Os senhores alimentam os seus escravos e
apropriam-se do produto restante do trabalho
destes.
A exploração do trabalho escravo
tornou possível a produção de grandes
excedentes e uma enorme acumulação de
riquezas, estando, assim, na base do
desenvolvimento económico e cultural que a
humanidade então conheceu: construíram-se
diques e canais de irrigação, exploraram-se
minas, abriram-se estradas, construíram-se
pontes e fortificações, desenvolveram-se as
artes e as letras. Nas civilizações
esclavagistas, não era pela via do
aperfeiçoamento dos métodos de produção que
os senhores de escravos procuravam aumentar
a sua riqueza; e os escravos, sem qualquer
interesse nos resultados do seu trabalho,
não se empenhavam na descoberta de técnicas
mais produtivas. O aumento de riqueza
realizava-se mediante a conquista de novos
territórios, capazes de fornecer escravos em
maior número e mais impostos ao fisco.
Contudo arruinavam os pequenos proprietários
livres que, mobilizados pelo serviço militar
obrigatório, eram obrigados a abandonar as
suas terras, das quais acabavam por ser
expulsos por dívidas, indo elas engrossar as
grandes propriedades cultivadas por mão-de-obra
escrava. Criando-se, assim, enormes massas
empobrecidas e sem meios de ganhar a vida,
que os senhores de Roma iam entretendo
distribuindo pão e circo.
As novas conquistas e os novos
escravos que elas propiciavam começaram a
ser insuficientes para manter de pé o pesado
corpo da administração romana. os conflitos
no seio das classes de homens livres começam
a abalar as estruturas da sociedade romana,
com as lutas entre os patrícios e a plebe,
entre latifundiários e comerciantes, entre
colectores de impostos e agricultores
arruinados, aliados aos proletarii das
cidades. Ao mesmo tempo começa a manifestar-se
o movimento de revolta dos escravos contra
os seus senhores e contra o sistema
esclavagista, movimento que atingiu o ponto
mais alto com a revolta de Espártaco (73-71
a.C.). Desde o século II a necessidade de
ter receitas leva Roma a organizar grandes
explorações de terra e a encorajar a
concentração das propriedades agrícolas,
desenvolvendo o tipo de exploração
esclavagista.
Generaliza-se o pagamento em espécie
aos funcionários com Diocleciano, utilizando
o Estado directamente os produtos da terra,
sem os deixar passar pelo mercado, cuja
importância diminui, justificando a
tendência dos grandes proprietários para se
constituírem em economias fechadas, de
dimensões cada vez maiores, colocando-se os
pequenos proprietários sob a asa dos grandes.

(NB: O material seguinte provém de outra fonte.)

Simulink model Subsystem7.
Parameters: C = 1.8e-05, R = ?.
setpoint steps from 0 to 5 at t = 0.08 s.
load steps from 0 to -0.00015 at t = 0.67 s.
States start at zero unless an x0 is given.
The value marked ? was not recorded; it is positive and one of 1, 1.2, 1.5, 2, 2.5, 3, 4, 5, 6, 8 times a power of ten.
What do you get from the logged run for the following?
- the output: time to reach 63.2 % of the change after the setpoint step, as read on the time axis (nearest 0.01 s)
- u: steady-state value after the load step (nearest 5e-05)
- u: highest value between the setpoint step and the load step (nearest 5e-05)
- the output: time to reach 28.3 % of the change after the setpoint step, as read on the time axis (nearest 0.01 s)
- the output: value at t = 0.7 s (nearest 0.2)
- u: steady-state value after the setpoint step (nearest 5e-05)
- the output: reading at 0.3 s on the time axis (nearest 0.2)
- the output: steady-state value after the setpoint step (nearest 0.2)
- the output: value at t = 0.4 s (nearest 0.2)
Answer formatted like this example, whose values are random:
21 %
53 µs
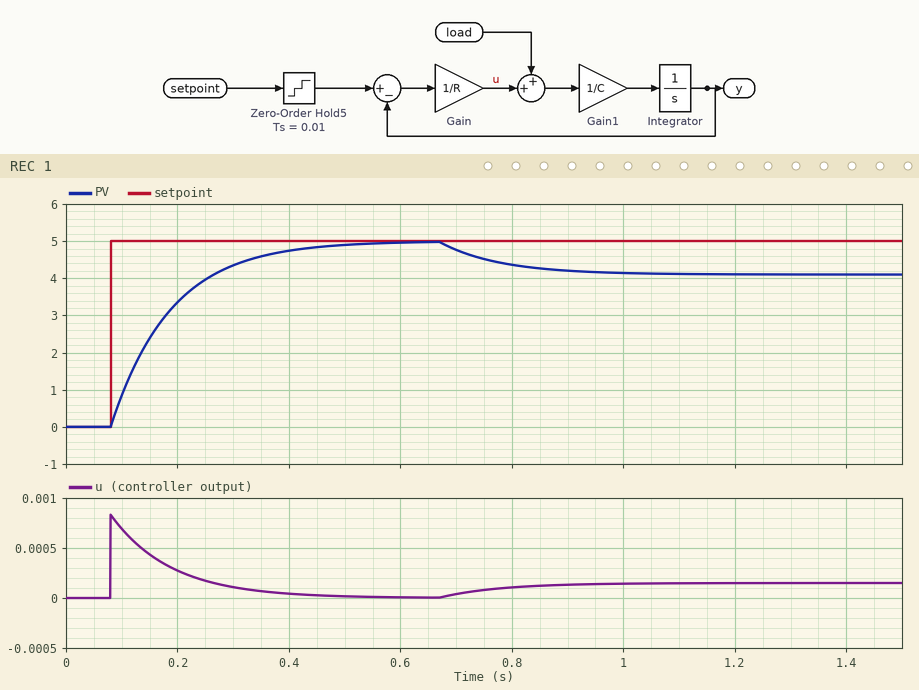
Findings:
0.19 s
0.00015
0.00085
0.12 s
4.8
0.00000
4.4
5.0
4.8
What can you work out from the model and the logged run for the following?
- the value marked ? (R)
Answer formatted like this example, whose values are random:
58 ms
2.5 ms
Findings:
6000
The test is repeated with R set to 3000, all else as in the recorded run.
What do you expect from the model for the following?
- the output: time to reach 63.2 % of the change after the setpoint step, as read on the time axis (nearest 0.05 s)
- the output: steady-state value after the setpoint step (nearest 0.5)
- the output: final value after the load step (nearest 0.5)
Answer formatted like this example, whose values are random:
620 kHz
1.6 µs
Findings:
0.15 s
5.0
4.5
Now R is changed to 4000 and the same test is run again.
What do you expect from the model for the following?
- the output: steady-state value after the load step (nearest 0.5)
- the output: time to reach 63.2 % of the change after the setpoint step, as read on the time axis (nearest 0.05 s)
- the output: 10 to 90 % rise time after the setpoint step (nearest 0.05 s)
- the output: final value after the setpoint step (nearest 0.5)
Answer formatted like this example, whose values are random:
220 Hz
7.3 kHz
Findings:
4.5
0.15 s
0.15 s
5.0
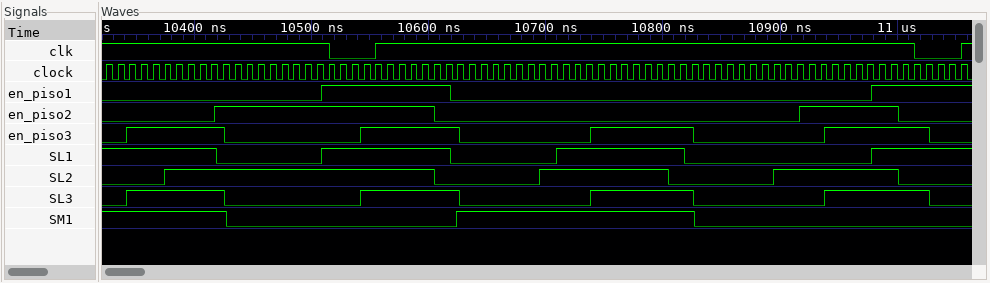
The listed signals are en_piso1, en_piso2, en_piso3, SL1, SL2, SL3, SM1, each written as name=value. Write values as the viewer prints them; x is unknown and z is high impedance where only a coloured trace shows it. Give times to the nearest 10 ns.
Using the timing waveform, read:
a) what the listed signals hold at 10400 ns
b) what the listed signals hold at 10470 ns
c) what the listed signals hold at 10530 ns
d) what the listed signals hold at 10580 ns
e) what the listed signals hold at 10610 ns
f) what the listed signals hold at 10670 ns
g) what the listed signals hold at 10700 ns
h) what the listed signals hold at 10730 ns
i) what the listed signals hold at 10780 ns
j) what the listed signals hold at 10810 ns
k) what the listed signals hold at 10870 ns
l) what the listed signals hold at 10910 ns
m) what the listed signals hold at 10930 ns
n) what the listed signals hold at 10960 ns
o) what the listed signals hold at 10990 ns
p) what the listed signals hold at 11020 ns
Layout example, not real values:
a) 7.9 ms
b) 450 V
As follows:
a) en_piso1=0, en_piso2=0, en_piso3=1, SL1=1, SL2=1, SL3=1, SM1=1
b) en_piso1=0, en_piso2=1, en_piso3=0, SL1=0, SL2=1, SL3=0, SM1=0
c) en_piso1=1, en_piso2=1, en_piso3=0, SL1=1, SL2=1, SL3=0, SM1=0
d) en_piso1=1, en_piso2=1, en_piso3=1, SL1=1, SL2=1, SL3=1, SM1=0
e) en_piso1=1, en_piso2=0, en_piso3=1, SL1=1, SL2=0, SL3=1, SM1=0
f) en_piso1=0, en_piso2=0, en_piso3=0, SL1=0, SL2=0, SL3=0, SM1=1
g) en_piso1=0, en_piso2=0, en_piso3=0, SL1=0, SL2=1, SL3=0, SM1=1
h) en_piso1=0, en_piso2=0, en_piso3=0, SL1=1, SL2=1, SL3=0, SM1=1
i) en_piso1=0, en_piso2=0, en_piso3=1, SL1=1, SL2=1, SL3=1, SM1=1
j) en_piso1=0, en_piso2=0, en_piso3=1, SL1=1, SL2=0, SL3=1, SM1=1
k) en_piso1=0, en_piso2=0, en_piso3=0, SL1=0, SL2=0, SL3=0, SM1=0
l) en_piso1=0, en_piso2=0, en_piso3=0, SL1=0, SL2=1, SL3=0, SM1=0
m) en_piso1=0, en_piso2=1, en_piso3=0, SL1=0, SL2=1, SL3=0, SM1=0
n) en_piso1=0, en_piso2=1, en_piso3=1, SL1=0, SL2=1, SL3=1, SM1=0
o) en_piso1=1, en_piso2=1, en_piso3=1, SL1=1, SL2=1, SL3=1, SM1=0
p) en_piso1=1, en_piso2=0, en_piso3=1, SL1=1, SL2=0, SL3=1, SM1=0

Em troca da fidelidade e da entrega dos seus
bens, os camponeses mais pobres passavam a
fazer parte da família dos grandes donos que
se obrigavam a protegê-los e a sustentá-los.
deste modo, de camponeses livres
transformavam-se em servos, começando a
delinear-se assim os domínios senhoriais
característicos da Idade Média.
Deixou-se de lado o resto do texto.